The syntax for then injecting these reusable chunks of SQL is as follows:

--> EXECUTE sql-file-to-execute.sql

Sometimes the SQL files require parameters passing. The header of the SQL file will describe which parameters are required. The format is as follows:

--> EXECUTE sql-file-to-execute.sql param1name:param1value param2name:param2value

The SQL file referenced should exist under ./shared/Reusable queries for data extraction.

Referencing code sets

Any query that requires code sets should include the following:

--> CODESET space-separated-list-of-required-code-sets-with-specific-number-of-version

E.g.

--> CODESET diabetes-type-i:1 metformin:1 copd:2 asthma:1

A SQL file can contain multiple rows like this. The only condition is that if a code set is required the call to --> CODESET must occur before it is used in the file.

If a script requires any code sets, then the following five temporary tables will be populated:

#AllCodes
Concept, Version, Code, Description

#CodeSets
FK_Reference_Coding_ID, Concept, Description

#SnomedSets
FK_Reference_SnomedCT_ID, Concept, Description

#VersionedCodeSets
FK_Reference_Coding_ID, Concept, Version, Description

#VersionedSnomedSets
FK_Reference_SnomedCT_ID, Concept, Version, Description

The #AllCodes table allows you to retrieve all clinical codes relating to a concept. The remaining four table link concepts to foreign key ids specific to the GraphNet database. The two #Versioned... tables allow queries based on the concept and the version. The other two tables just contain the most recent version (highest version number) of each concept. It is recommended to explicitly state the version of code set required.

FK_Reference_Coding_ID and FK_Reference_SnomedCT_ID are the (bigint) id fields that the GMCR database use to identify codes. All codes are mapped to one of both of these fields.

The temporary tables can be used as follows on any table containing the FK_Reference_Coding_ID or FK_Reference_SnomedCT_ID fields:

-- Finding all hypertension records using the a particular version of the code set
SELECT * FROM [RLS].[vw_GP_Events]
WHERE (
  FK_Reference_Coding_ID IN (SELECT FK_Reference_Coding_ID FROM #VersionedCodeSets WHERE Concept = 'hypertension' AND Version = 2) OR
  FK_Reference_SnomedCT_ID IN (SELECT FK_Reference_SnomedCT_ID FROM #VersionedSnomedSets WHERE Concept = 'hypertension' AND Version = 2)
)
AND ...

Occasionally it is necessary to search based on the clinical code rather than the foreign key ids.

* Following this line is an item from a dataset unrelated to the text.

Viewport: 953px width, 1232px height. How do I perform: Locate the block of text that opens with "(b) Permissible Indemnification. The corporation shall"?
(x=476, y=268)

For example when new codes are recorded in clinical systems but have not yet been added to the Graphnet DB. In which case the #AllCodes table can be used instead as follows:

-- Find COVID vaccinations
SELECT * FROM [RLS].[vw_GP_Events]
WHERE SuppliedCode IN (SELECT Code FROM #AllCodes WHERE Concept = 'covid-vaccination' AND [Version] = 1)
AND ...

Process for generating SQL

The sql can be generated by executing either of the generate-sql scripts. There is a .bat file for Windows users and a .sh file for Linux/MacOS users.

Process for extracting data

Once the SQL has been generated, the entire project directory (XXX-Name) should be copied to the VDE. Launching the extract-data.bat file will guide you through the data extraction process, including deciding whether to run all, or just some, of the SQL files. The output-for-analysts directory will be created. This contains a skeleton folder structure, and a _README_FIRST.txt file to remind users of their responsibilities when extracting content from their VDE. The entire contents of the output-for-analysts directory should be copied to the shared directory for this project.

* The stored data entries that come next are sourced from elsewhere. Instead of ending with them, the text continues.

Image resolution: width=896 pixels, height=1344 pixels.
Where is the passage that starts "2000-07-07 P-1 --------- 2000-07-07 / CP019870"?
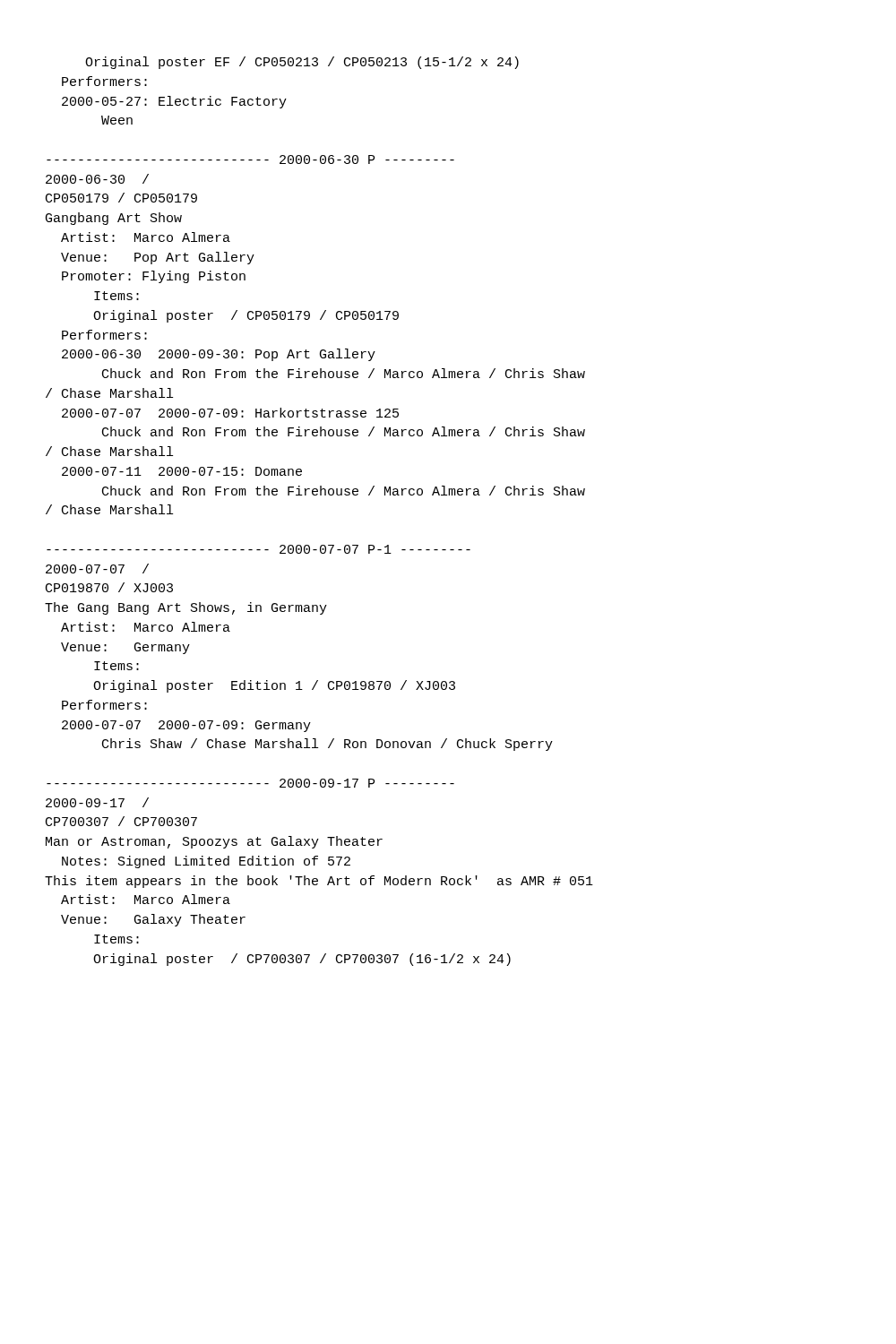point(258,549)
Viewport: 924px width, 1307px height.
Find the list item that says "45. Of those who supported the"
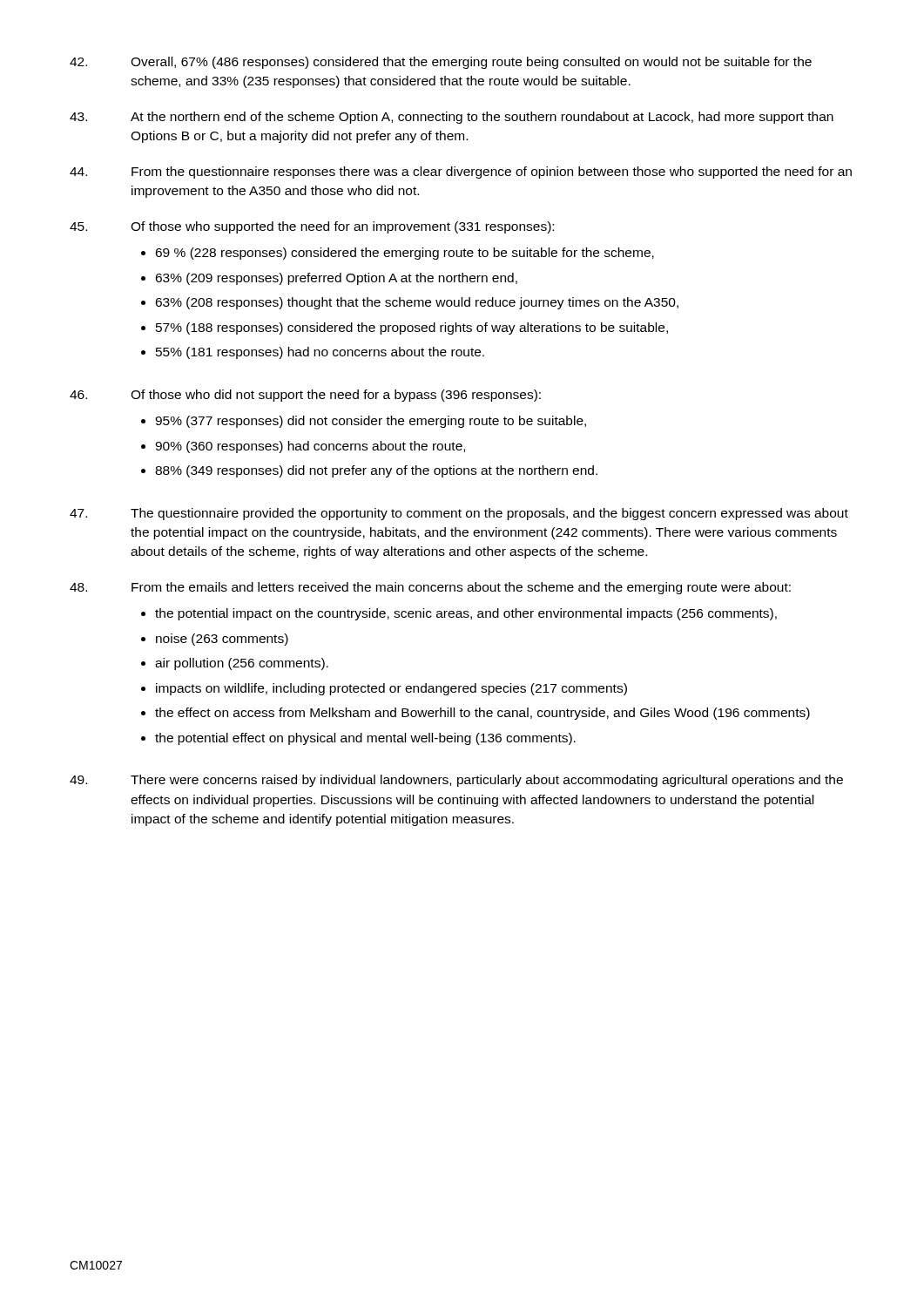pyautogui.click(x=462, y=293)
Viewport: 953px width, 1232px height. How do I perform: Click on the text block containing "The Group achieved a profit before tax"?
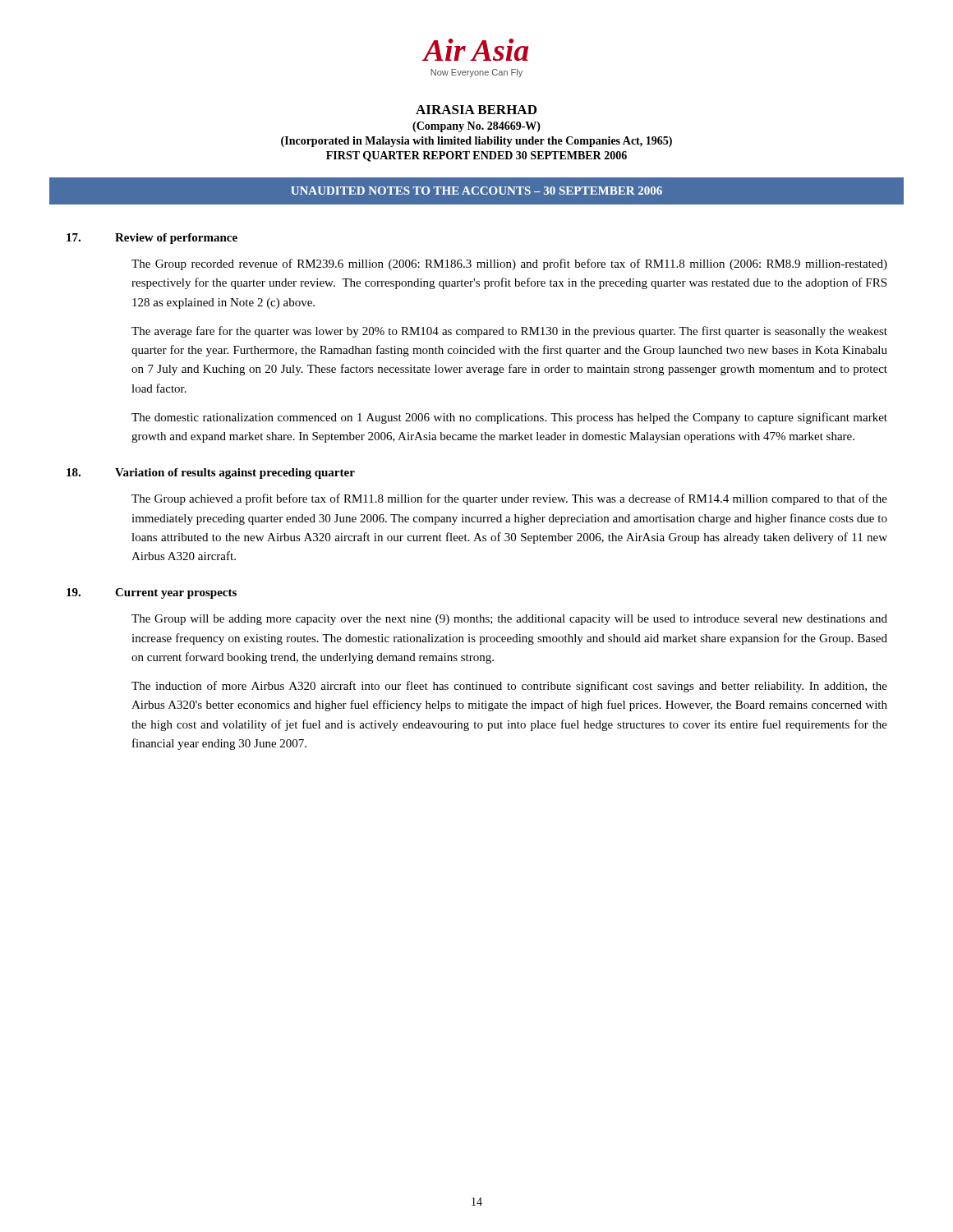(509, 527)

Patient id pseudonymisation

Analysts may receive multiple extracts of data from different projects. To reduce the chance of combining the data we will provide different patient ids for each project. This is done automatically during the extraction process.

NB Any patient ids that are to be pseudonymised must be extracted as a column whose name ends 'PatientId'. E.g. PatientId, AnotherPatientId, YetAnotherPatientId

During the data extraction you can choose to refresh the project's pseudonymisation, or to reuse the previous one.